The book publishing world is changing rapidly. From e-books, to self-publishing, to crowdfunding options, authors today have a variety of tools at their disposal to make their work available to their audience. We recently spoke with Steven Spatz of BookBaby — who promise "self-publishing, simplified" — about the current advances in publishing, and the many choices available to writers. Here's what Steven had to say.

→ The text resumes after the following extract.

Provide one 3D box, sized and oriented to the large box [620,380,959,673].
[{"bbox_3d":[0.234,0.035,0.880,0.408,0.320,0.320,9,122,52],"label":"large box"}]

The digital revolution changed the music industry largely to a “rent,” rather than “own” model with on-demand streaming. We see the television and film industries adjusting and reacting to that now as well. As a massive fan of print, what’s the future of books and the publishing industry?
I’m tempted to answer this: ‘Whatever Jeff Bezos wants it to be!’ Amazon is such a dominant force in the publishing world and its appetite for more remains as strong as ever. But lately there have been some new or renewed entrants into the space. Walmart has partnered with Kobo, one of the earliest and still eBook stores, to offer digital content and eBook readers. Google is determined to find its place in this arena – we distribute a lot of eBooks through Google Play now. And Apple is shaking the dust of its iBooks store with some new branding and more. Something tells me that Facebook and maybe even Twitter has some designs on the publishing world. In the ‘rent’ arena, Scribd continues to grow with its book subscription model, and hoopla is a groundbreaking digital media service offered by your local public library that allows you to borrow audiobooks, ebooks and other content.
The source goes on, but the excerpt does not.